Skip to main content

Thousands of Chinese Shoemaking Workers Strike; Factories that Make Nike, Adidas Close

On Tuesday, more than 10,000 workers at Chinese shoemaking factory that produces brands like Adidas and Nike staged a massive protest to dispute their benefits.

The Taiwanese-owned company, Yue Yuen Industrial, employs over 60,000 workers in the southern province of Guangdong. The factory produces sneakers for several major Western brands including Reebok, New Balance, Asics and Timberland, as well as Adidas and Nike. The parent company also owns shoemaking facilities in China, Indonesia, Vietnam, Mexico and the U.S. In the fifteen months that concluded in December 2013, the company manufactured 323 million pairs of shoes.

The striking workers claim that management has reneged on their promises to pay full social security benefits and to provide stipends for housing costs. According to China Labor Watch, the strikes began on April 5 and have since snowballed into a sprawling demonstration of thousands. Some workers reported that only two or three out of ten plants remain in operation.

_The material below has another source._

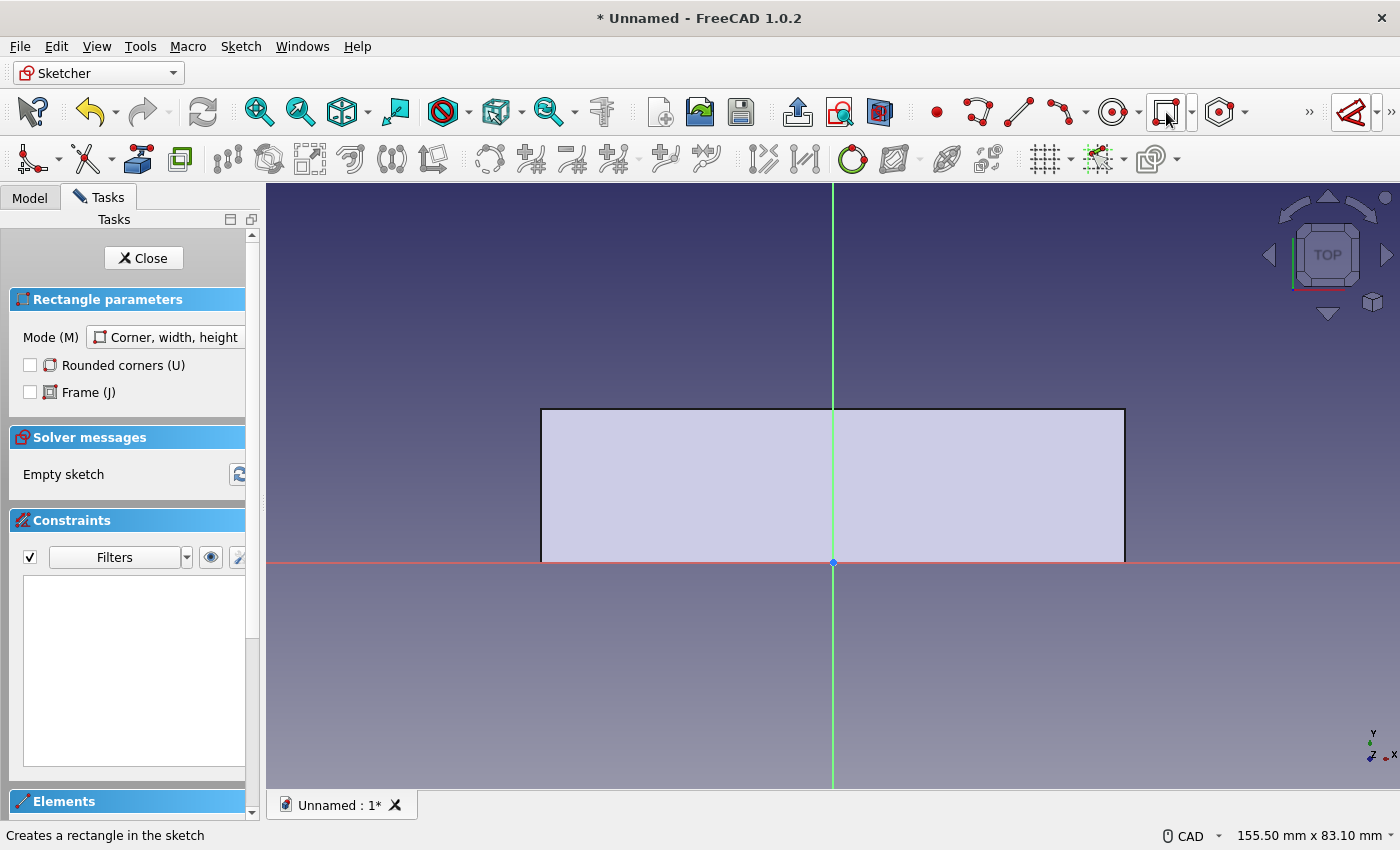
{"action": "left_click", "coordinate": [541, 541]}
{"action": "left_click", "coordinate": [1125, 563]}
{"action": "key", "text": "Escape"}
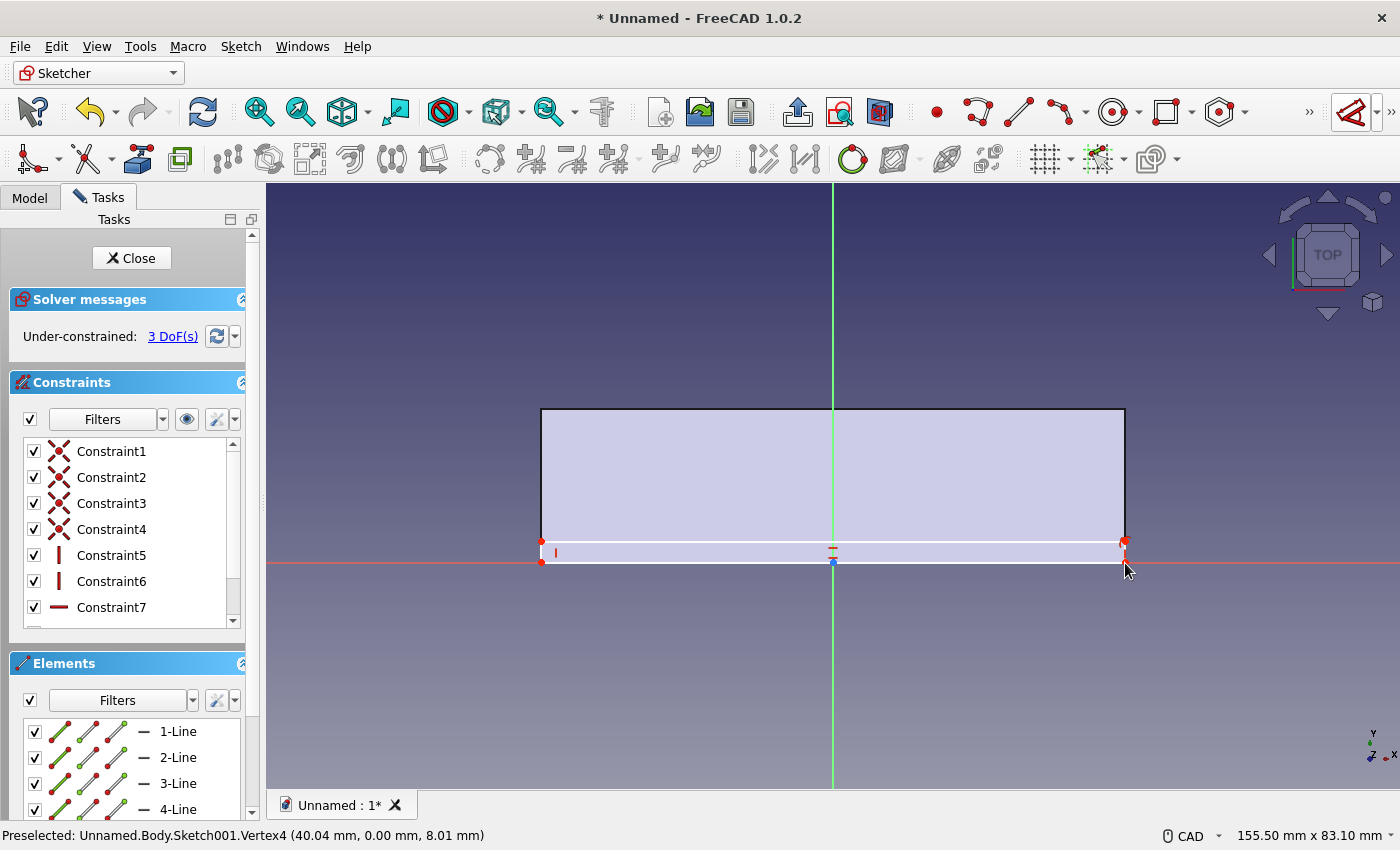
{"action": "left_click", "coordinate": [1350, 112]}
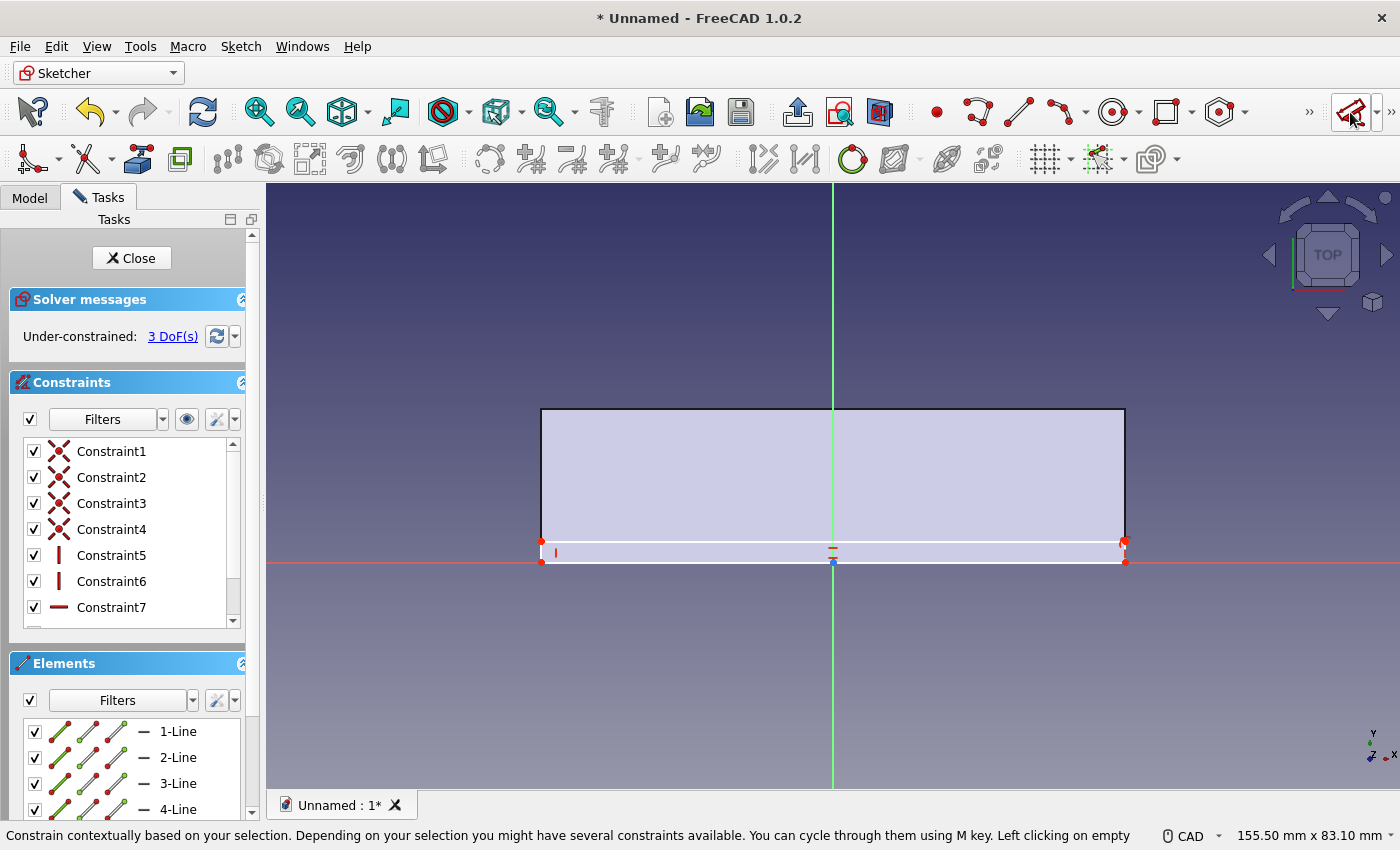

China’s vast shoemaking industry has been under tremendous pressure ever since a factory fire in January in the Wenling province that killed sixteen people drew attention to long-brewing labor grievances in the sector. The fire at the Taizhhou Dadong factory on January 14 killed six men and ten women, subsequently highlighting China’s woeful factory safety conditions. In the aftermath of the disaster, city officials inspected its more than 6,000 factories and found a majority of them to be sorely lacking adequate safety measures. Most were overcrowded, many lacked fire exits and few had any fire extinguishers.

A spokesperson for the Wenling government reported that 4,559 shoe factories have been closed down since the fire, and at least 230 factory owners have been arrested and another 184 detained for questioning.

According to some reports, the local police officials have begun to organize a response to the protests in Guangdong, worried that the enormous crowds would devolve into violence. Hundreds of police officers were dispatched to the scene.